- Born: 28 November 1915 Reval, Governorate of Estonia, Russian Empire (now, Tallinn, Estonia)
- Died: 30 April 2011 (aged 95) Tallinn, Estonia
- Education: State School of Art and Design
- Notable work: Giovannina (1957) Akt linna taustal (1957)
- Spouse: Mari Roosvalt
- Children: Kai Koppel, Jüri Okas

= Evald Okas =

Estonian painter

Evald Okas (28 November 1915 – 30 April 2011) was an Estonian painter, probably best known for his portraits of nudes.

==Biography==
Okas was born in Tallinn, where he began his artistic career while studying at the State Art School. With the advent of World War II and the Soviet invasion and occupation of Estonia, he was subsequently mobilized into Soviet army, but, like many other Estonians, moved to work battalions in Kotlas, Russia. When the Soviet officials decided to organize the artistic collectives in the Soviet rear in Yaroslavl, several Estonian artists, including Okas, were provided with an opportunity to leave the work battalions and join the artistic ensembles in 1942. The "Yaroslavl artists", as they came to be known, were also the founding members of the Soviet Estonian Artists Union established in 1943.
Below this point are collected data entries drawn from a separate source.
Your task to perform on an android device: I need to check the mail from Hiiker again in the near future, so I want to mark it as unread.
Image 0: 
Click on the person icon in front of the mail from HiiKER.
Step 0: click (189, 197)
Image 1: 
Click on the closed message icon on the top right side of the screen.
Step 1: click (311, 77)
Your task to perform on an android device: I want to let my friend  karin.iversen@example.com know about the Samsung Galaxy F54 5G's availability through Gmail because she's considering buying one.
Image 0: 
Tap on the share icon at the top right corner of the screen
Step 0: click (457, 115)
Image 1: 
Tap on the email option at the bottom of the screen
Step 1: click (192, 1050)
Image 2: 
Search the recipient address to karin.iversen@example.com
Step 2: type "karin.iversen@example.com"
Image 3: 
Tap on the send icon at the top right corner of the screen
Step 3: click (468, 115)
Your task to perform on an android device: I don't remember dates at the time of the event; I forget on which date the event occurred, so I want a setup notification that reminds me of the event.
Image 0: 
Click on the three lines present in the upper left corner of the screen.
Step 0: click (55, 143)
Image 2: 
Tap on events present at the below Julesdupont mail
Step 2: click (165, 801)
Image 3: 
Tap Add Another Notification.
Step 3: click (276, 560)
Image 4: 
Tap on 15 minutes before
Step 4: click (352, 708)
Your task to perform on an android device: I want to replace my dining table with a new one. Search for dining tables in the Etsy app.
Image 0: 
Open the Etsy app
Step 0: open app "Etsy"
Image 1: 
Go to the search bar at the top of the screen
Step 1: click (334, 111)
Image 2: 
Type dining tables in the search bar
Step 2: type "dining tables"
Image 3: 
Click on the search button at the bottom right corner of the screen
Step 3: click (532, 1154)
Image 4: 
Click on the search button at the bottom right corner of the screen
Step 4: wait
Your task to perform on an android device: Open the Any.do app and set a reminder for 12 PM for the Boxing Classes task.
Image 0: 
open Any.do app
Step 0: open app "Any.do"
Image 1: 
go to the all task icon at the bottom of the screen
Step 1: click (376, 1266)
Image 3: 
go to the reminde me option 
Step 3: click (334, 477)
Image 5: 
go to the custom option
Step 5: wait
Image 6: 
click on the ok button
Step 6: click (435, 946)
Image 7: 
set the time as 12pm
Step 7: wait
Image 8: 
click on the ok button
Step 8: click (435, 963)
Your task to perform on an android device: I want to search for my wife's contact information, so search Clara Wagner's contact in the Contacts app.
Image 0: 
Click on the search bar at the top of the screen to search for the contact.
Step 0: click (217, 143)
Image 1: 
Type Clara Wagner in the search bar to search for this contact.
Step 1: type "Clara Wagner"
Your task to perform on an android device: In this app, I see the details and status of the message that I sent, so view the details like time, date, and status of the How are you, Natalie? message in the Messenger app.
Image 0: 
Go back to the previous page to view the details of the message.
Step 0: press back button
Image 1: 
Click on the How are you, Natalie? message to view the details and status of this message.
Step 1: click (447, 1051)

In Yaroslavl Okas befriended the rather well-known Estonian graphic artist Aino Bach and Richard Sagrits, who mentored Okas and helped him hone his skills as an artist. By Soviet regulations, however, all artists were expected to paint in the socialist realism genre.

In 1947, Okas, with Elmar Kits and Richard Sagrits painted the ceiling of the Estonian National Opera in the style of socialist realism. By the late 1950s, Evald Okas was working mainly in the medium of charcoals and earning his living by sketching ex libris - graphic designs that identify the owner of a book, usually pasted onto the inside cover. Around this time Okas was even given permission to travel; first, within the Soviet Republics, then later worldwide and exhibit works as far afield as Asia and Western Europe.

In 1954 he became the professor at the Estonian State Art Institute; in 1962 the corresponding member of the Academy of Arts of the Soviet Union and the full member of the academy in 1975.

Evald Okas lived in Tallinn and was a member of the Estonian Artists’ Association.

His son Jüri Okas is an architect, installation artist and printmaker.